I’ve written about a few of Mom’s ancestors. Her great grandfather, Alexander Grant, was pretty colorful, living during a time of tremendous change in the United States. He was the son of Alexander Grant from Scotland, who moved to New Orleans and owned a store in the city as well as a couple of sugar plantations. So this Alexander Grant, sometimes called Alexander Grant, Jr., grew up the son of a pretty wealthy store owner in New Orleans. He also seems to have gained some skill running river boats up and down the Mississippi River, probably in part making runs between New Orleans and his father’s plantations (and maybe plantations of store customers) further down the river in Plaquemines Parish.
When the Civil War broke out, Alexander Grant was made a Lieutenant in the Louisiana navy and given command of a river boat renamed the General Quitman that had been converted to a gun boat by adding a couple of cannons. It was called a “cotton clad” in contrast to the “iron clad” warships. While cotton was probably easier to get than iron in the South, it couldn’t have been that much protection against cannons.

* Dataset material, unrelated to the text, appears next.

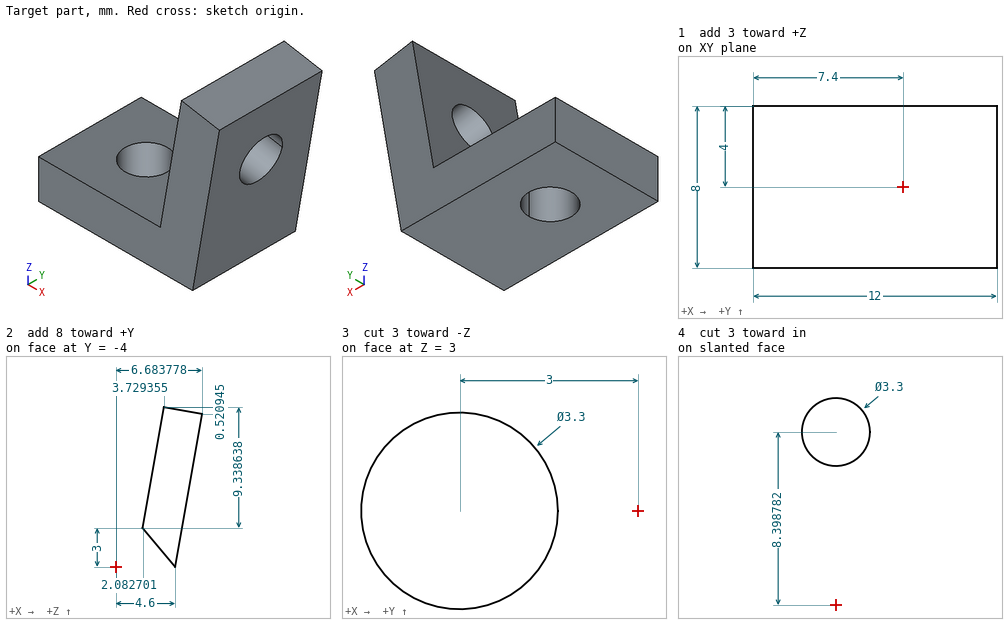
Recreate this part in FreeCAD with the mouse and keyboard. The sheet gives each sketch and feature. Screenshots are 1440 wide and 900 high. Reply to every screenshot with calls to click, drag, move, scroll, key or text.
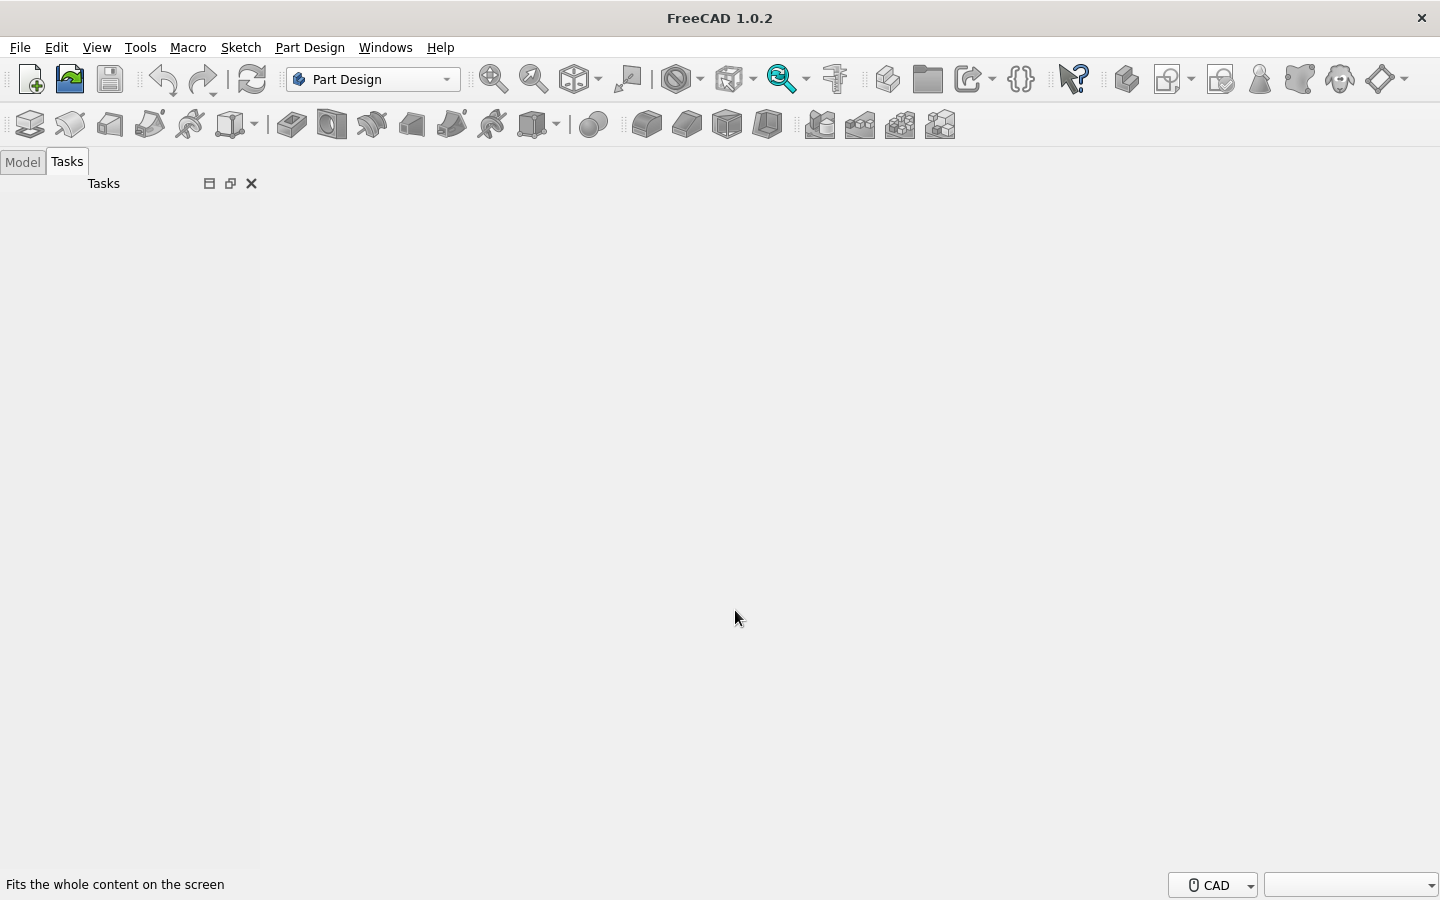
key(ctrl+n)

Alexander Grant’s superior officer in the defense of New Orleans was Captain Francis B. Renshaw, formerly of the US Navy, who was born in Philadelphia and had been stationed in Pensacola before the war. Eventually Grant’s son Joseph would marry Renshaw’s daughter Isabella, both just kids at the time of the war. These are Mom’s grandparents. Grant commanded the Quitman in some reconnaissance missions and was probably involved in some skirmishes with the Union navy, but when New Orleans ultimately fell to the Union, Grant had the General Quitman burned rather than allow it to be handed over to the Union. There is a 1904 public domain book of navy records that mentions Grant and Renshaw a few times (use the search feature or index since it is a pretty long book). There is also a neat picture of an envelope addressed to Captain A. Grant of the Louisiana Navy here with some explanation.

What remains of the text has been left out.